Through the Bank, defined compensation policies have been implemented
to properly analyze, describe and evaluate various positions in the Corporation
and the Bank for the determination of their relative worth. This basis is used
to establish a salary structure for executive officers and senior management
that is both internally equitable and externally competitive. The Committee
takes into consideration the following ten factors in making recommendations to
the Board of Directors, on an annual basis, as to base salary for the Chief
Executive Officer and other members of senior management:
1. Return on assets
2. Return on equity
3. Earnings
4. Growth in deposits
5. Current economic climate
6. Familiarity with market area
7. Length of service, experience and age
8. Comparison with peer and core groups -- currently the committee relies
upon an independent study to determine these comparisons and itis
contemplated that these studies will continue.
9. Number of branches
10. Any other factors deemed by the Committee to be beneficial to the
Corporation.
No set numerical figure has been fixed to any of the factors so as to
allow the greatest flexibility to adjust to changing economic conditions.
The Committee meets without the Chief Executive Officer's presence to
evaluate his performance and reports on the evaluation to the outside Directors
of the Board of Directors.
<PAGE>
The Board of Directors in January, 1997 approved an incentive bonus
plan for the Chief Executive Officer and other members of senior management.
This plan, which includes at-risk compensation payable in cash and stock
options, was approved and recommended by the Benefit/Compensation Committee.
At-Risk compensation is determined on an annual basis by analyzing specific
goals that are established at the beginning of the year.
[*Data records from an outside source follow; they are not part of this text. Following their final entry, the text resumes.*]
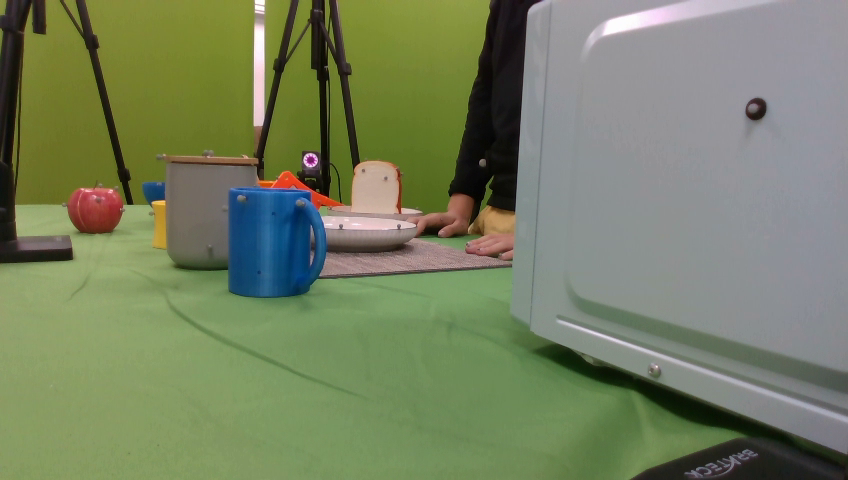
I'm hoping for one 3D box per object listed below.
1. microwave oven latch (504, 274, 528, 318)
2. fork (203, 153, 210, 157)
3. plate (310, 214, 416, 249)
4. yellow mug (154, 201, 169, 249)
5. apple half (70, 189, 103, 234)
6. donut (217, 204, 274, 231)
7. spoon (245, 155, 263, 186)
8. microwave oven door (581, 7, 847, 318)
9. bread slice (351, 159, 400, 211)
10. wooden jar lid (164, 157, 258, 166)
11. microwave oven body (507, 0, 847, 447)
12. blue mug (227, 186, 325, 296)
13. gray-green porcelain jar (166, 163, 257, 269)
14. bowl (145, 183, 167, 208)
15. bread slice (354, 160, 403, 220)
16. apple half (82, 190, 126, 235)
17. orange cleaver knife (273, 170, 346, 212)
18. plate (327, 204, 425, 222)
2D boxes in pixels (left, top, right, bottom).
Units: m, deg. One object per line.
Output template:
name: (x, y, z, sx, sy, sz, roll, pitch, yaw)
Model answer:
microwave oven latch: (0.100, 0.041, 0.471, 0.079, 0.029, 0.030, -1, 8, -28)
fork: (-0.480, -0.136, 1.411, 0.028, 0.018, 0.207, 0, -34, -1)
plate: (-0.117, -0.014, 0.967, 0.208, 0.039, 0.207, 2, 7, 0)
yellow mug: (-0.337, -0.022, 0.899, 0.130, 0.064, 0.100, 8, 9, 35)
apple half: (-0.552, -0.048, 1.010, 0.053, 0.074, 0.081, -1, 9, 26)
donut: (-0.317, -0.038, 1.080, 0.099, 0.048, 0.099, 3, 7, 0)
spoon: (-0.421, -0.150, 1.540, 0.042, 0.021, 0.193, -5, 55, -37)
microwave oven door: (0.295, -0.067, 0.569, 0.358, 0.243, 0.039, -3, 8, -31)
bread slice: (-0.102, -0.104, 1.273, 0.107, 0.134, 0.018, -1, 4, 4)
wooden jar lid: (-0.261, -0.093, 0.746, 0.108, 0.020, 0.108, 1, 9, 0)
microwave oven body: (0.331, -0.042, 0.425, 0.444, 0.260, 0.324, -2, 8, -31)
blue mug: (-0.146, 0.000, 0.618, 0.116, 0.106, 0.083, 7, 9, 32)
gray-green porcelain jar: (-0.263, -0.031, 0.754, 0.106, 0.126, 0.106, 2, 7, 0)
bowl: (-0.459, -0.069, 1.175, 0.151, 0.077, 0.151, 2, 8, 0)
bread slice: (-0.096, -0.110, 1.324, 0.105, 0.131, 0.019, 5, 2, 5)
apple half: (-0.516, -0.046, 0.994, 0.032, 0.081, 0.081, 0, 6, 25)
orange cleaver knife: (-0.253, -0.089, 1.368, 0.212, 0.077, 0.012, 26, -8, -42)
plate: (-0.102, -0.053, 1.299, 0.209, 0.038, 0.209, 2, 7, 0)

The at-risk
compensation for the Chief Executive Officer and other members of senior
management is based on the performance of the Corporation and its success in
attaining specific strategic goals. The at-risk compensation plan includes both
short-term and long-term incentives. The short-term incentives are accomplished
through potential payment of the annual cash bonus. Equity ownership,
representing long-term incentive compensation, is achieved through the stock
options.
The bank must maintain a current CAMELS rating of "2" before any
at-risk compensation is considered. Performance targets are established for
certain strategic performance factors. The targets integrate commonly-accepted
industry standards with specific goals established for LA Bank. In addition, the
strategic performance factors are weighted to reflect the relative importance of
each, as established by the Board of Directors.
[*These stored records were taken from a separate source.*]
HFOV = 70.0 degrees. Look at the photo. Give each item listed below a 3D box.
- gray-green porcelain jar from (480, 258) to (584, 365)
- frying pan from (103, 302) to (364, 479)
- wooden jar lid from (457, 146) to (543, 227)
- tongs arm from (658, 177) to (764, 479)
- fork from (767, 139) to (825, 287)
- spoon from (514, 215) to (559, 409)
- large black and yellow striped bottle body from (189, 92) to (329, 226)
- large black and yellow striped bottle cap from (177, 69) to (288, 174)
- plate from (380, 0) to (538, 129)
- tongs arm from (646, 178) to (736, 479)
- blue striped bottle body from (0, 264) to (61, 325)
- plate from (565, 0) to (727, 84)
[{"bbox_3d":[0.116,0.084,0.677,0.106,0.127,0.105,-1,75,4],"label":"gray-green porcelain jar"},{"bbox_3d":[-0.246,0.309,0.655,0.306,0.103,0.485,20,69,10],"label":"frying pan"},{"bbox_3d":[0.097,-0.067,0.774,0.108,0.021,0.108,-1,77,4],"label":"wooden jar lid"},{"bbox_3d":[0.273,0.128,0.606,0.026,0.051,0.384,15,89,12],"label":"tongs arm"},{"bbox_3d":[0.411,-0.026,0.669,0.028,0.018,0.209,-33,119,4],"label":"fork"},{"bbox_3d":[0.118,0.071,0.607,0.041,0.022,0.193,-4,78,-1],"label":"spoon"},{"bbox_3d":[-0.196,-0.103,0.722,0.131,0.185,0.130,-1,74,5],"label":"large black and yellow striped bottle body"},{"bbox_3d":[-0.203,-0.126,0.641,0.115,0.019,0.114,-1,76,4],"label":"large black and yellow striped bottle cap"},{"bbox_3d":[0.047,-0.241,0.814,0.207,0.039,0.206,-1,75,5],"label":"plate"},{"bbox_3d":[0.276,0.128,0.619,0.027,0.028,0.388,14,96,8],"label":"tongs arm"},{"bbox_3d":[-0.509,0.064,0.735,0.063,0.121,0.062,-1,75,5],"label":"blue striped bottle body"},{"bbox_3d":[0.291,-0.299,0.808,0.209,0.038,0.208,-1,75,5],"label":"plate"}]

The potential payout under the Incentive Plan is based upon the
combined actual performance against the established performance targets for the
Bank.
Submitted by the members of the Benefit/Compensation
Committee:
Harry F. Schoenagel, William C. Gumble, and
Donald E. Chapman
Directors' Compensation
During 1997, the Bank's Board of Directors met on a monthly basis;
Directors received $1,000 per month and were allowed one paid absence per year;
and Bruce D. Howe, the Chairman, received $500 in addition to his monthly
Directors' fee of $1,000 or $1,500 per month in the aggregate. Mr. Howe was also
allowed one paid absence per year from a meeting of the Bank's Board of
Directors. During 1997, the Board of Directors of the Corporation held six (6)
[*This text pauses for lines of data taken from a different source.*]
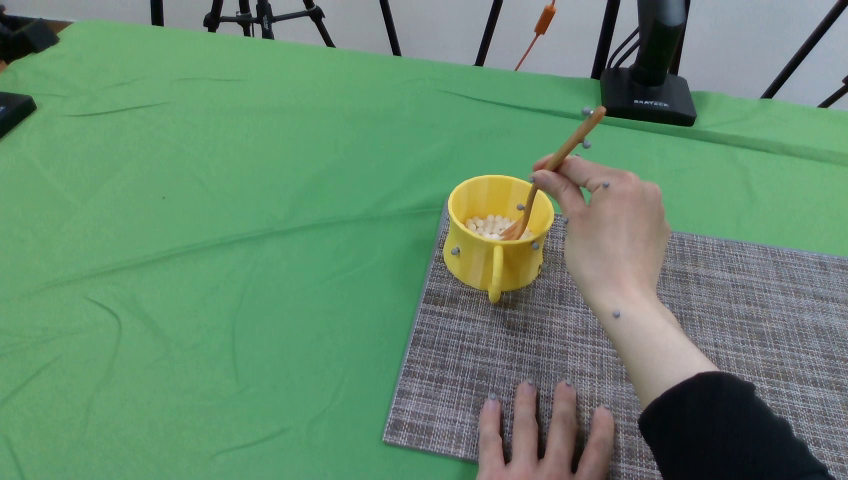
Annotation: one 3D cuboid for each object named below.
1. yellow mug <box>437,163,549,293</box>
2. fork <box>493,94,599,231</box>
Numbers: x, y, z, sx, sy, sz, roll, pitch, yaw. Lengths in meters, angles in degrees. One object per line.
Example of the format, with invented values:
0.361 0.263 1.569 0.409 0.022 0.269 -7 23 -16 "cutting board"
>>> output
0.063 -0.008 0.571 0.100 0.064 0.129 5 45 1 "yellow mug"
0.094 -0.052 0.507 0.018 0.208 0.028 22 60 0 "fork"

meetings. Directors received no remuneration for attendance at meetings of the
Board of Directors of the Corporation in excess of remuneration each of them
received for attendance at meetings of the Board of Directors of the Bank.
Salary Continuation Plan for Directors
The Bank has entered into an agreement with its directors to establish
a non-qualified salary continuation plan (the "Salary Continuation Plan"). If
such director continues to serve as a director of the Corporation until he
attains sixty-five (65) years of age, the Corporation agrees to pay him a
guaranteed annual payment in each of ten years on the first day of the month
following such director's 65th birthday. Each director's guaranteed annual
payment is based upon the future value of the life insurance purchased with the
funds which would otherwise be used to pay the directors' compensation. If such
director attains sixty-five (65) years of age, but dies before receiving ten
annual payments, then the Corporation will continue to make these payments to
such director's designated beneficiary or to the representative of his estate.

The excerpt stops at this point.